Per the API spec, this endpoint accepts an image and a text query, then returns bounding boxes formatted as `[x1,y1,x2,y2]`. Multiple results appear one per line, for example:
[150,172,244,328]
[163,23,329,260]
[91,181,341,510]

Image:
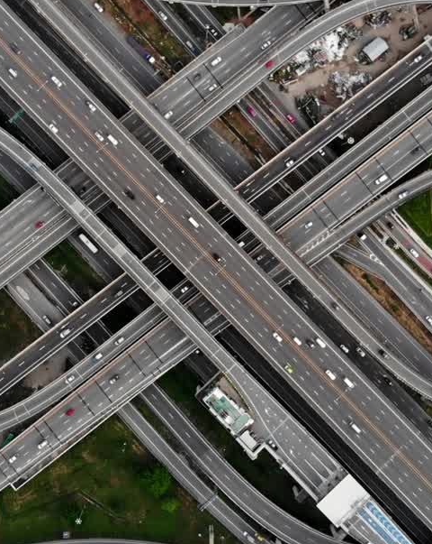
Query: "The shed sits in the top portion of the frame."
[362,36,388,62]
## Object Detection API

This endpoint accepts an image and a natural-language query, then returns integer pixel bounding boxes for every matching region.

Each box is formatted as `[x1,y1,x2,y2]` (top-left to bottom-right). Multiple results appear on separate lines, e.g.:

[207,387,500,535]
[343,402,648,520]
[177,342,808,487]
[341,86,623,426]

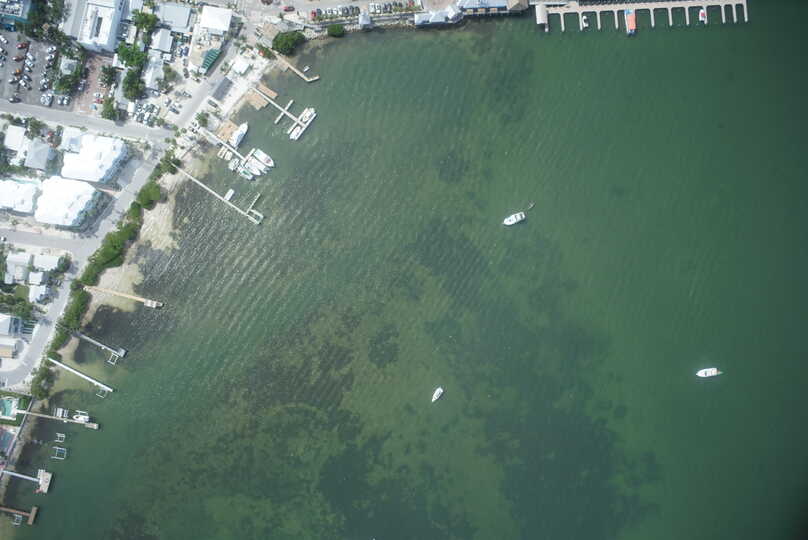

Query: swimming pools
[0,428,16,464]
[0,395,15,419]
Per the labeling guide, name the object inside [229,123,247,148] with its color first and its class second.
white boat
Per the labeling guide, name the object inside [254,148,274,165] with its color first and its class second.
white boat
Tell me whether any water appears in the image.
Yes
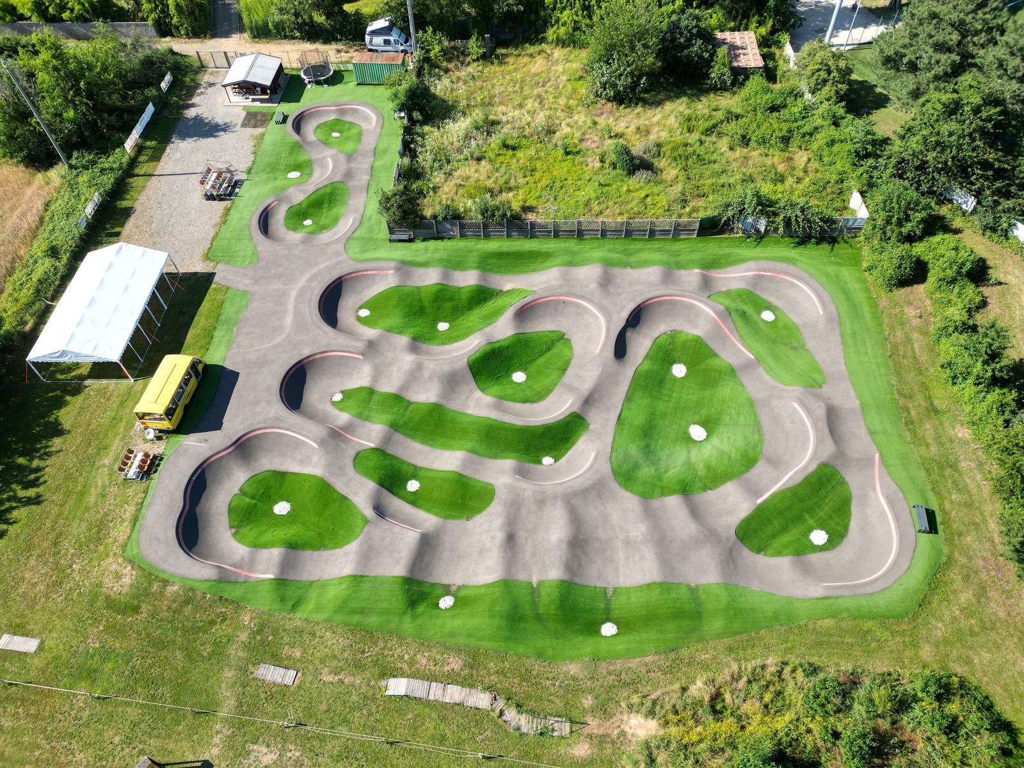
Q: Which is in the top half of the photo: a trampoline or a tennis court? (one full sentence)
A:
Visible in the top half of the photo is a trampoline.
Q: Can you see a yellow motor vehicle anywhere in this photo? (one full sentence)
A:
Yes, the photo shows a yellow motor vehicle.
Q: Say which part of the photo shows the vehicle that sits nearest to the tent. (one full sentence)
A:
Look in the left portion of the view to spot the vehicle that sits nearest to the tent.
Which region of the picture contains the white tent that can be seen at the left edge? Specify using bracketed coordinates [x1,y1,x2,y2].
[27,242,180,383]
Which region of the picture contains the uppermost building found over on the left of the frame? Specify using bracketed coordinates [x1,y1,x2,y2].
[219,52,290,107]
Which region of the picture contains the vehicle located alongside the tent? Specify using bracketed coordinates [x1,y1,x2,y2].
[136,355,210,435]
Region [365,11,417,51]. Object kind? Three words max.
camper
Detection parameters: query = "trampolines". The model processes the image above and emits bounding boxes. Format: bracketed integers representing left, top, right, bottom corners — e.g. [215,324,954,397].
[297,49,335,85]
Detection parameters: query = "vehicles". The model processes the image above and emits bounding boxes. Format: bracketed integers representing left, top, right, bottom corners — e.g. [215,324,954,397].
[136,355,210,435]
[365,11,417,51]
--
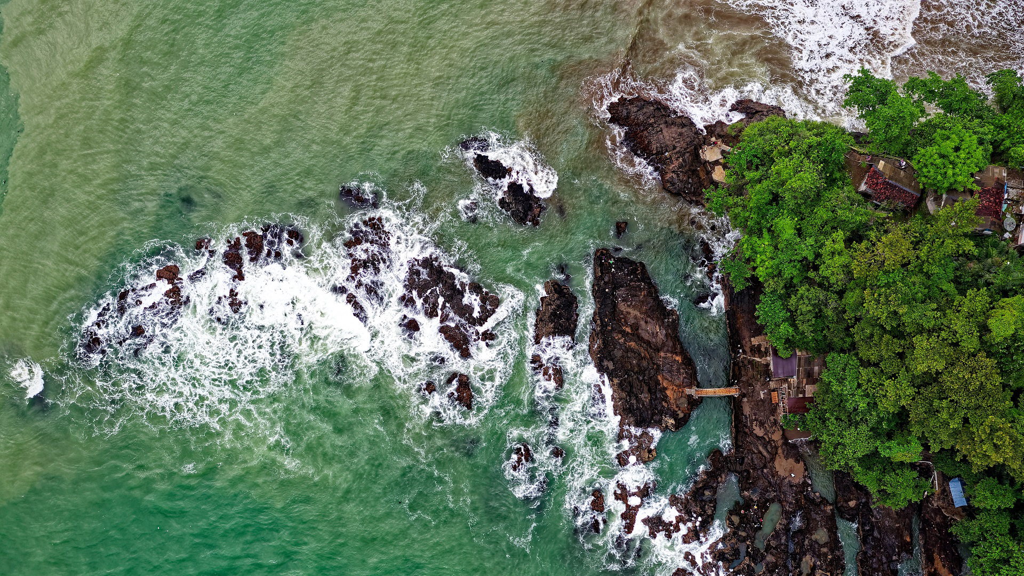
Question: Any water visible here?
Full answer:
--
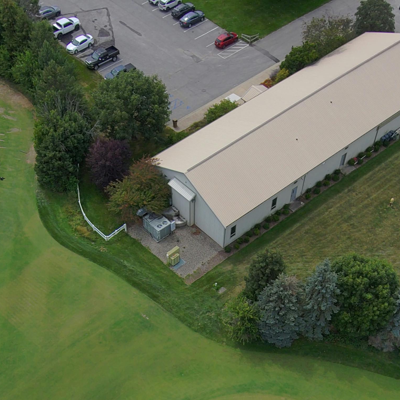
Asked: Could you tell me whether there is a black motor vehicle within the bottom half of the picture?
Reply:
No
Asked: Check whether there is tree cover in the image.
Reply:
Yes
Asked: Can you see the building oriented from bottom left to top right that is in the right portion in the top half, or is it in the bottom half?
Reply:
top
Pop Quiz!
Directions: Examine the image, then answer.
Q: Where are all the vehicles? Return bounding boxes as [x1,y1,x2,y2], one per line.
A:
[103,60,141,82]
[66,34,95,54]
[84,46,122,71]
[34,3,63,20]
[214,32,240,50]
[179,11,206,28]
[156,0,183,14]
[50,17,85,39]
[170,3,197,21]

#### INSTRUCTIONS TO FOLLOW
Search the material above for the word "Multiple", then copy each line that holds it.

#### RESULT OF THIS TASK
Per the API spec, this endpoint accepts an image and a text query, then returns bounding boxes formatted as `[x1,y1,x2,y2]`. Multiple results appear one per line, for example:
Each box is formatted as `[x1,y1,x2,y2]` (top-left to bottom-right). Multiple results appear on separate lines, e.g.:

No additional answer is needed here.